Titel:
Gegenseitige Abstandsflächenüberschreitungen und Treu-und-Glauben-Einwand im nachbarlichen Baurecht
Normenketten:
BayBO Art. 6 Abs. 1 S. 1, Abs. 5a S. 1, S. 2
BGB § 242
Leitsatz:
Aus dem System nachbarlicher Ausgleichs- und Rücksichtnahmepflichten folgt, dass derjenige, der selbst mit seinem Gebäude den erforderlichen Grenzabstand nicht einhält, billigerweise nicht verlangen kann, dass der Nachbar die Abstandsfläche freihält.
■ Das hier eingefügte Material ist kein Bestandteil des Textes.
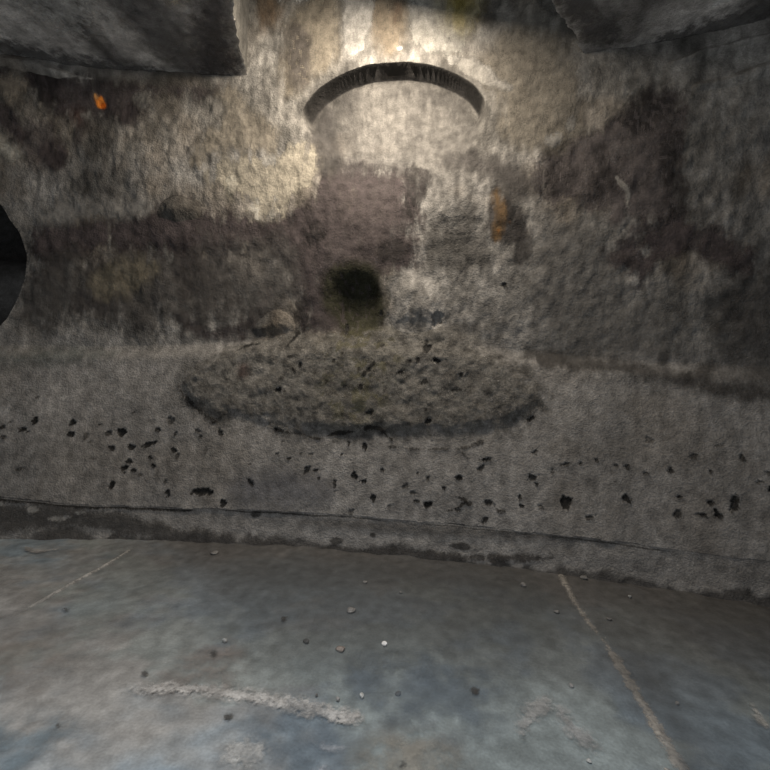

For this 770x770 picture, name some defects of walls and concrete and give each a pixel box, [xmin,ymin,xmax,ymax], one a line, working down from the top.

water stain [445,88,770,399]
spalling [98,424,160,477]
spalling [188,488,213,497]
spalling [560,496,572,510]
spalling [696,494,740,519]

Demzufolge kann aus dem Gesichtspunkt unzulässiger Rechtsausübung ein Nachbar gehindert sein, die Verletzung des Grenzabstandes zu rügen, wenn die beidseitigen Abweichungen etwa gleichgewichtig sind und nicht zu schlechthin, untragbaren, als Missstand zu qualifizierenden Verhältnissen führen. (Rn. 22) (redaktioneller Leitsatz)
Schlagworte:
Nachbareilantrag, Abstandsflächen, Treu und Glauben, Nachbarschutz, Abstandsflächenüberschreitung
Tenor
I. Der Antrag wird abgelehnt.
II. Die Antragstellerin hat die Kosten des Verfahrens einschließlich der außergerichtlichen Kosten der Beigeladenen zu tragen.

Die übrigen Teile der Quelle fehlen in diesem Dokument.